Europe needs its immigrants
Helena Cobban
The race riots that rocked France have been violent and harmful, but also disorganised and harder to end. But it also offers the hope that smart action by the authorities can calm the situation and hasten the launching of a new national dialogue. The scale and duration of these riots show that dialogue is needed now more than ever before. If it fails to occur, attitudes among the mainly immigrant youth might soon harden, and extremist organisations may start to exercise more sway within France’s long-marginalised suburbs.

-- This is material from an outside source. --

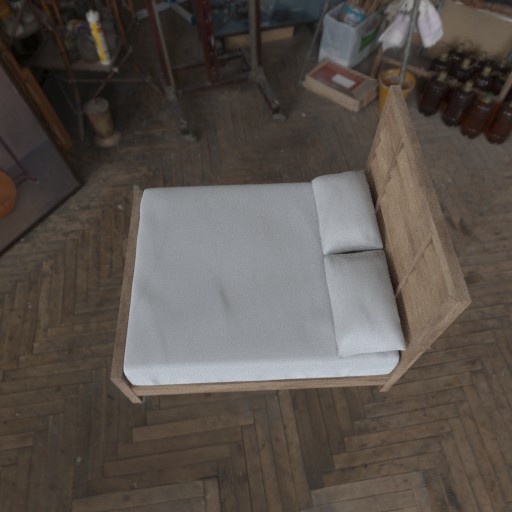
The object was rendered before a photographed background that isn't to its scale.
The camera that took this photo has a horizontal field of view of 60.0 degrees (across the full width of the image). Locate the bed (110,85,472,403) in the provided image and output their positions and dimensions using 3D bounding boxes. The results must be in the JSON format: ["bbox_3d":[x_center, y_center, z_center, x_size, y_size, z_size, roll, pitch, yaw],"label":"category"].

The vast majority of rioters are young men of North African or West African origin. Many are reportedly not just citizens of France but also members of the second or third generation of their families to live in Europe. But despite having grown up immersed in French culture, many continue to experience discrimination. Though they receive relatively generous welfare benefits, unemployment amo-ng members of long-established immigrant communities is often three or four times the already high national average. The French government has upheld legislation that forbids schoolgirls from wearing Muslim head coverings on the gro-unds of its strong commitment to “secularism.” It is not a position that encourages diversity or dialogue.

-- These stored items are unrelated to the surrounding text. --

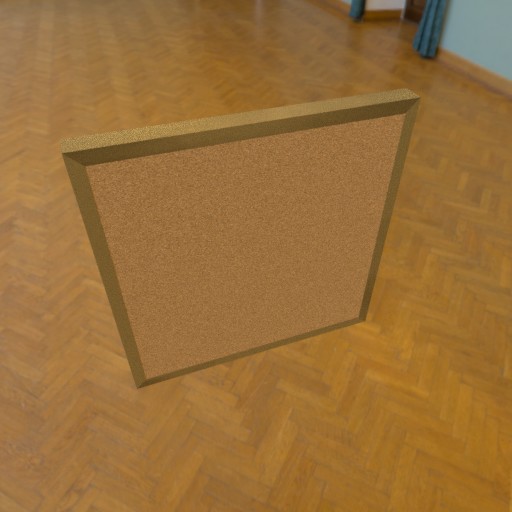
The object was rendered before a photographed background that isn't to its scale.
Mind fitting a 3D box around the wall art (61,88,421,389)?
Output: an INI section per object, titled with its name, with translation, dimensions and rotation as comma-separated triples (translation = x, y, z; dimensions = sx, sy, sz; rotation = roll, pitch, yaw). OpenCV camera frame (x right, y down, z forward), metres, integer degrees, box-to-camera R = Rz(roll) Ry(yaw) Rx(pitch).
[wall art]
translation = 0.000, 0.000, 0.775
dimensions = 0.507, 0.508, 0.038
rotation = -13, 43, -15

Many other European countries now also face the challenge of redefining their relationships to communities of citizens of non-European origin. Across Europe, sheer demographics have, for the past half-century, driven a large and sustained inflow of immigrants. Birth rates among the continent’s “natives” have been falling for decades. In a number of European countries, the average number of births to each woman has fallen to 1.3. The emergence of large communities of citizens of non-European heritage has posed a challenge to many European countries, and they have responded in very different ways. At some levels, Britain seems to have done a better job than France of managing cultural diversity. But Britain has also seen the emergence of a generation of citizens of South Asian or Caribbean origin who have felt it hard to know where or how to “fit in.” Several British cities have seen race riots over recent years. In addition, some young British citizens, having gravitated to Al Qaeda, committed the deadly London transit bombings of July.
Germany has worked hard to build a good relationship with the long-established communities of Turkish-origin and other non-native citizens who originally entered the country as guest workers but ended up as an unwitting host to several key cells of Al Qaeda organisers. Culturally liberal Spain hosted the immigrant individuals who killed 191 people in the July 2004 train bombings in Madrid. And in the liberal Netherlands last year, a violent Islamist of Moroccan descent — born in West Amsterdam — killed filmmaker Theo van Gogh. These are not easy issues to address. In Europe, as throughout much of US history, members of native-born populations often fear the arrival and integration of newcomers; yet, in all these cases, the interdependence betw-een the “natives” and the newcomers is real. So far few voices in Europe have called for “kicking the newcomers out.” But so far, too, no country in Euro-pe has done a satisfactory job of “welcoming the newcomers in.”